Copy the listing that follows exactly. Its pictures do not belong in the copy.

Excerpted records START

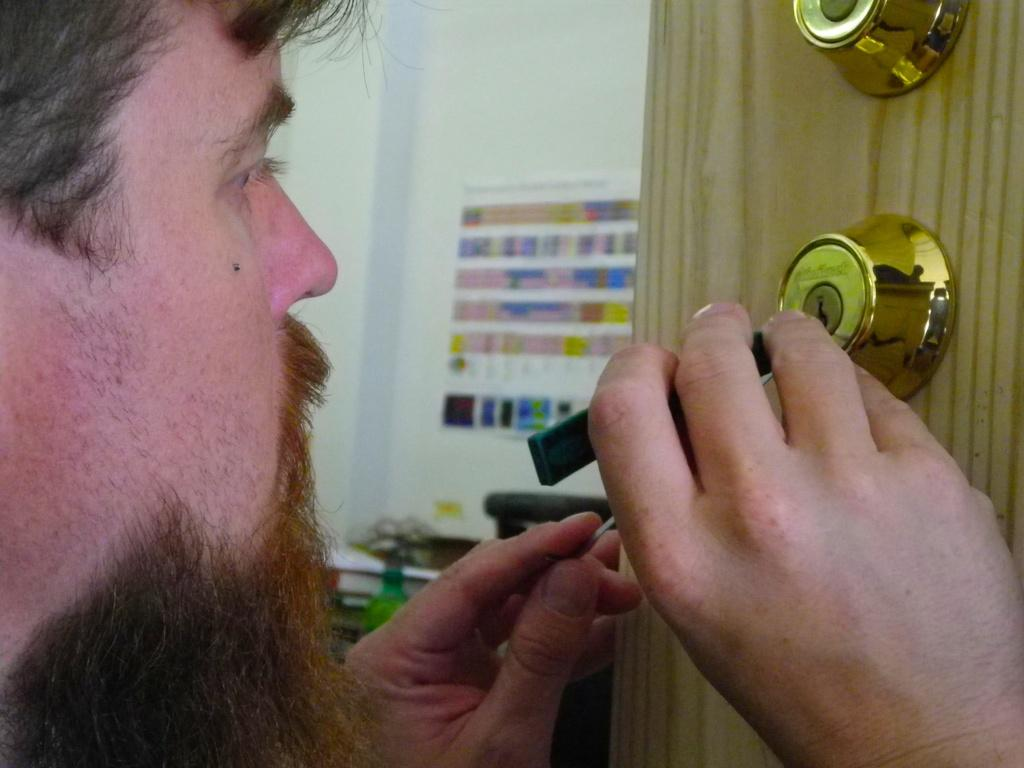What is the person in the image holding? The person is holding a tool in the image. What can be seen on the door in the image? There is a lock on the door in the image. What is attached to the wall in the image? There is a chart pasted on the wall in the image. Can you see any trail of footprints leading to the door in the image? There is no trail of footprints visible in the image. 
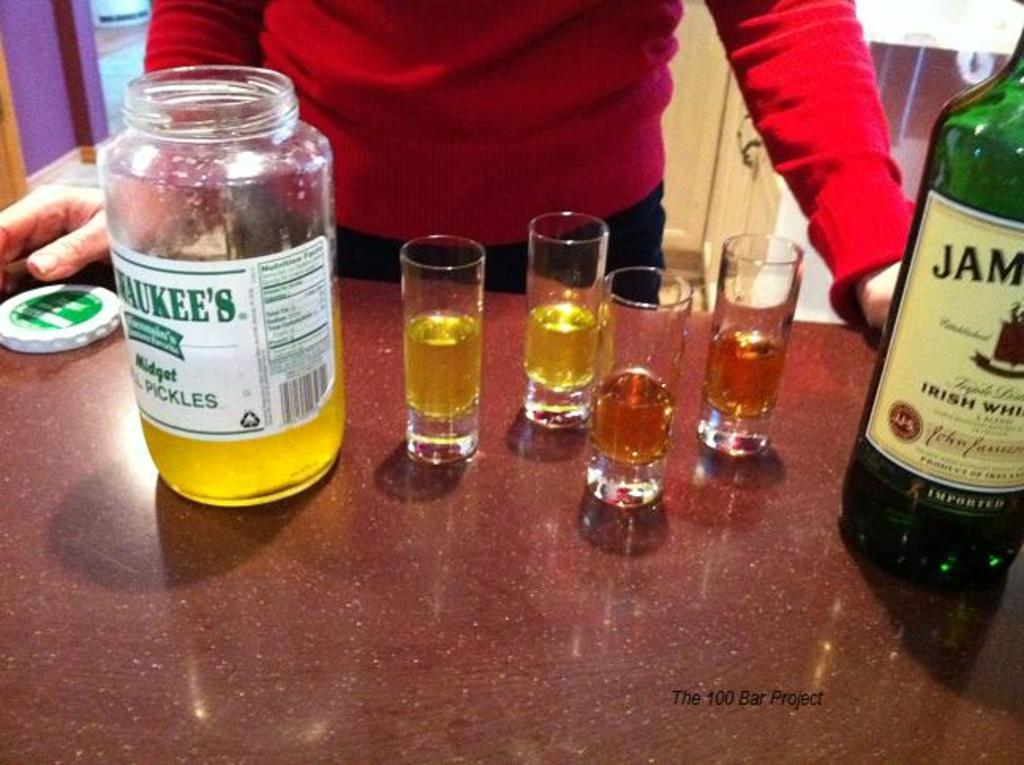<image>
Create a compact narrative representing the image presented. A jar of Milwaukee's pickles and 4 glasses of alcohol are on the table. 
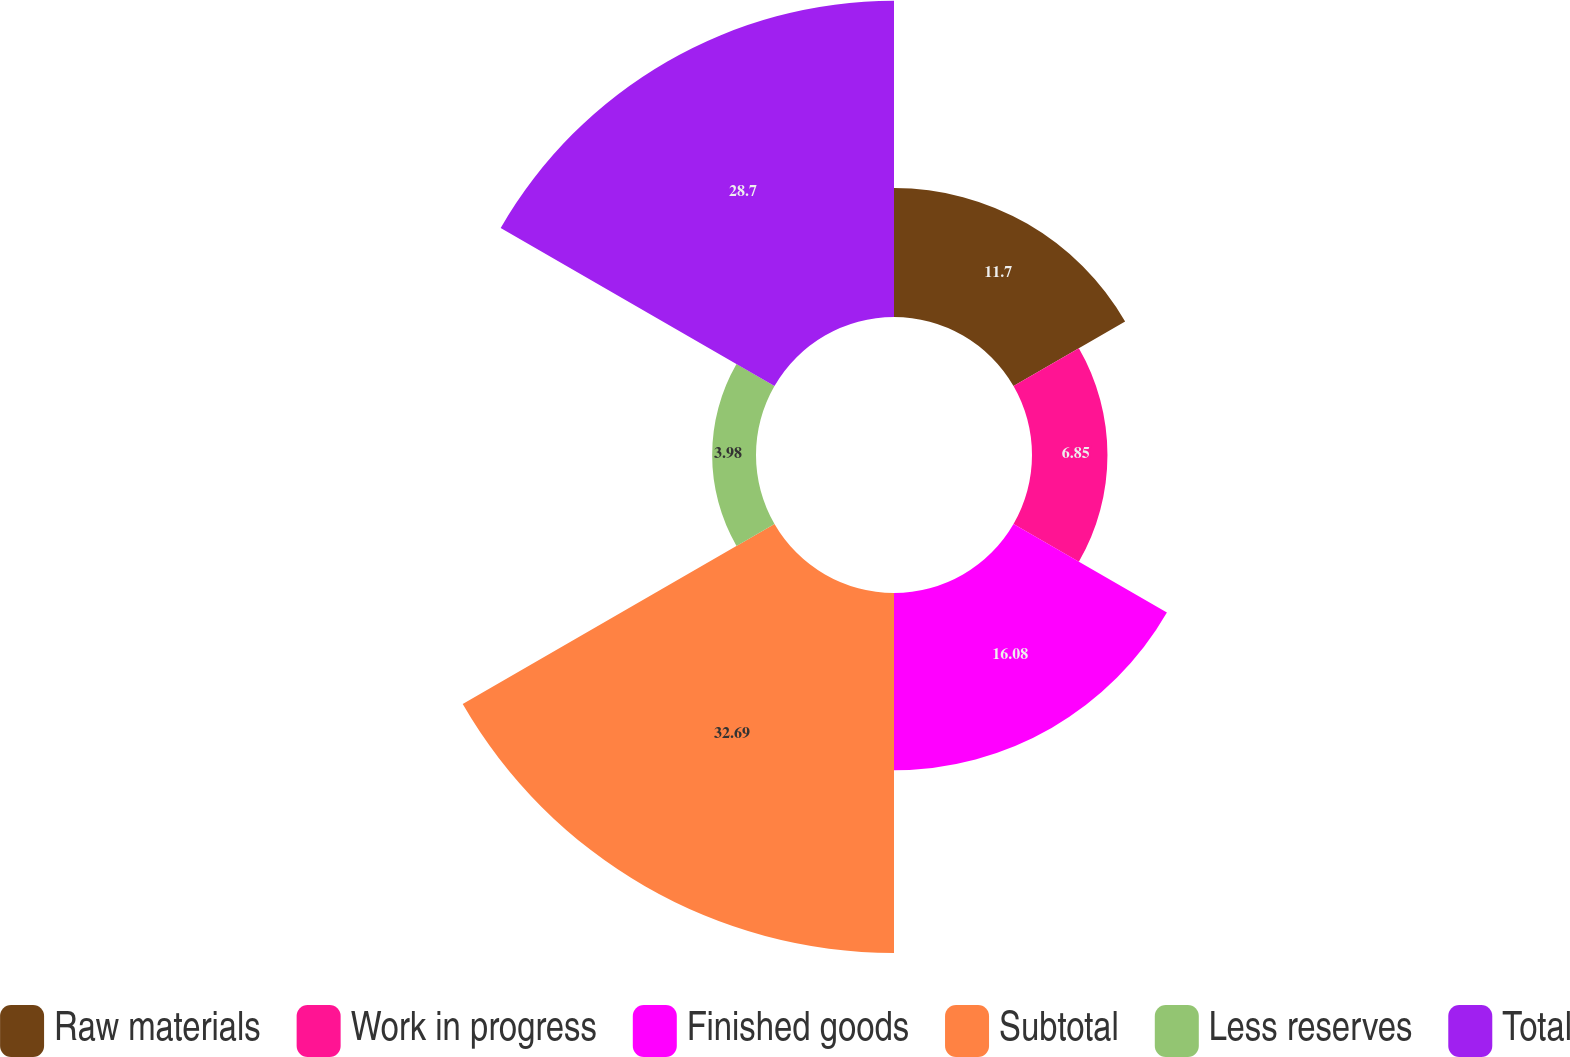Convert chart. <chart><loc_0><loc_0><loc_500><loc_500><pie_chart><fcel>Raw materials<fcel>Work in progress<fcel>Finished goods<fcel>Subtotal<fcel>Less reserves<fcel>Total<nl><fcel>11.7%<fcel>6.85%<fcel>16.08%<fcel>32.68%<fcel>3.98%<fcel>28.7%<nl></chart> 
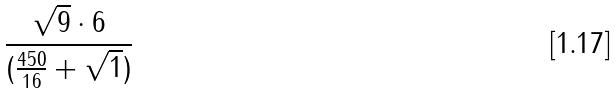<formula> <loc_0><loc_0><loc_500><loc_500>\frac { \sqrt { 9 } \cdot 6 } { ( \frac { 4 5 0 } { 1 6 } + \sqrt { 1 } ) }</formula> 
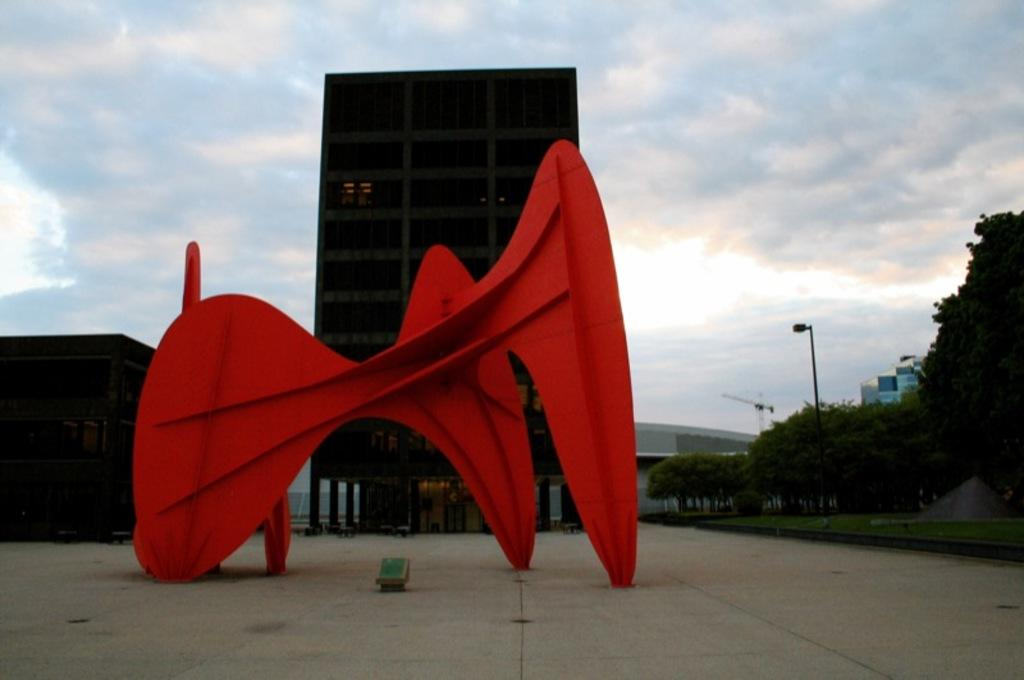What type of structures can be seen in the image? There are buildings in the image. What other natural elements are present in the image? There are trees in the image. What artificial light source is visible in the image? There is a street lamp in the image. What is visible in the background of the image? The sky is visible in the image. What atmospheric conditions can be observed in the sky? Clouds are present in the sky. Reasoning: Let' Let's think step by step in order to produce the conversation. We start by identifying the main subjects and objects in the image based on the provided facts. We then formulate questions that focus on the location and characteristics of these subjects and objects, ensuring that each question can be answered definitively with the information given. We avoid yes/no questions and ensure that the language is simple and clear. Absurd Question/Answer: Can you see a rabbit hopping through the fog in the image? There is no rabbit or fog present in the image; it features buildings, trees, a street lamp, and a sky with clouds. Are there any fish visible in the image? There are no fish present in the image. Can you see any fish swimming in the water near the buildings in the image? There is no water or fish present in the image; it features include buildings, trees, a street lamp, and a sky with clouds. 
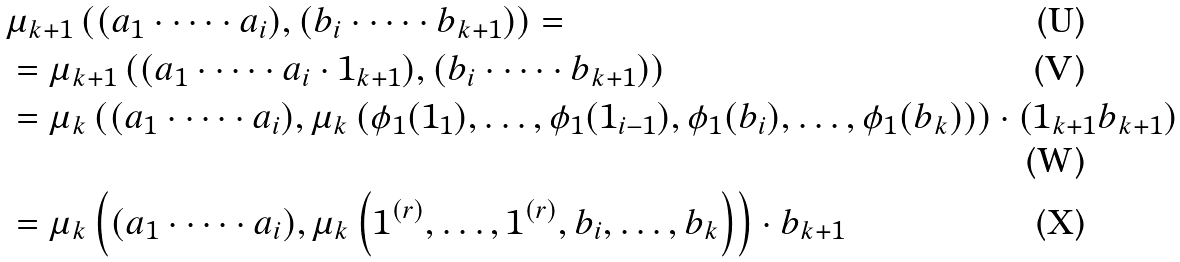<formula> <loc_0><loc_0><loc_500><loc_500>& \mu _ { k + 1 } \left ( ( a _ { 1 } \cdot \dots \cdot a _ { i } ) , ( b _ { i } \cdot \dots \cdot b _ { k + 1 } ) \right ) = \\ & = \mu _ { k + 1 } \left ( ( a _ { 1 } \cdot \dots \cdot a _ { i } \cdot 1 _ { k + 1 } ) , ( b _ { i } \cdot \dots \cdot b _ { k + 1 } ) \right ) \\ & = \mu _ { k } \left ( ( a _ { 1 } \cdot \dots \cdot a _ { i } ) , \mu _ { k } \left ( \phi _ { 1 } ( 1 _ { 1 } ) , \dots , \phi _ { 1 } ( 1 _ { i - 1 } ) , \phi _ { 1 } ( b _ { i } ) , \dots , \phi _ { 1 } ( b _ { k } ) \right ) \right ) \cdot ( 1 _ { k + 1 } b _ { k + 1 } ) \\ & = \mu _ { k } \left ( ( a _ { 1 } \cdot \dots \cdot a _ { i } ) , \mu _ { k } \left ( 1 ^ { ( r ) } , \dots , 1 ^ { ( r ) } , b _ { i } , \dots , b _ { k } \right ) \right ) \cdot b _ { k + 1 }</formula>

Excerpted records END

• Response to the task
What is the person in the image holding? The person is holding a tool in the image. What can be seen on the door in the image? There is a lock on the door in the image. What is attached to the wall in the image? There is a chart pasted on the wall in the image. Can you see any trail of footprints leading to the door in the image? There is no trail of footprints visible in the image. 
<image>
Create a compact narrative representing the image presented. A jar of Milwaukee's pickles and 4 glasses of alcohol are on the table. 
Convert chart. <chart><loc_0><loc_0><loc_500><loc_500><pie_chart><fcel>Raw materials<fcel>Work in progress<fcel>Finished goods<fcel>Subtotal<fcel>Less reserves<fcel>Total<nl><fcel>11.7%<fcel>6.85%<fcel>16.08%<fcel>32.68%<fcel>3.98%<fcel>28.7%<nl></chart> 
<formula> <loc_0><loc_0><loc_500><loc_500>\frac { \sqrt { 9 } \cdot 6 } { ( \frac { 4 5 0 } { 1 6 } + \sqrt { 1 } ) }</formula> 
What type of structures can be seen in the image? There are buildings in the image. What other natural elements are present in the image? There are trees in the image. What artificial light source is visible in the image? There is a street lamp in the image. What is visible in the background of the image? The sky is visible in the image. What atmospheric conditions can be observed in the sky? Clouds are present in the sky. Reasoning: Let' Let's think step by step in order to produce the conversation. We start by identifying the main subjects and objects in the image based on the provided facts. We then formulate questions that focus on the location and characteristics of these subjects and objects, ensuring that each question can be answered definitively with the information given. We avoid yes/no questions and ensure that the language is simple and clear. Absurd Question/Answer: Can you see a rabbit hopping through the fog in the image? There is no rabbit or fog present in the image; it features buildings, trees, a street lamp, and a sky with clouds. Are there any fish visible in the image? There are no fish present in the image. Can you see any fish swimming in the water near the buildings in the image? There is no water or fish present in the image; it features include buildings, trees, a street lamp, and a sky with clouds. 
<formula> <loc_0><loc_0><loc_500><loc_500>& \mu _ { k + 1 } \left ( ( a _ { 1 } \cdot \dots \cdot a _ { i } ) , ( b _ { i } \cdot \dots \cdot b _ { k + 1 } ) \right ) = \\ & = \mu _ { k + 1 } \left ( ( a _ { 1 } \cdot \dots \cdot a _ { i } \cdot 1 _ { k + 1 } ) , ( b _ { i } \cdot \dots \cdot b _ { k + 1 } ) \right ) \\ & = \mu _ { k } \left ( ( a _ { 1 } \cdot \dots \cdot a _ { i } ) , \mu _ { k } \left ( \phi _ { 1 } ( 1 _ { 1 } ) , \dots , \phi _ { 1 } ( 1 _ { i - 1 } ) , \phi _ { 1 } ( b _ { i } ) , \dots , \phi _ { 1 } ( b _ { k } ) \right ) \right ) \cdot ( 1 _ { k + 1 } b _ { k + 1 } ) \\ & = \mu _ { k } \left ( ( a _ { 1 } \cdot \dots \cdot a _ { i } ) , \mu _ { k } \left ( 1 ^ { ( r ) } , \dots , 1 ^ { ( r ) } , b _ { i } , \dots , b _ { k } \right ) \right ) \cdot b _ { k + 1 }</formula>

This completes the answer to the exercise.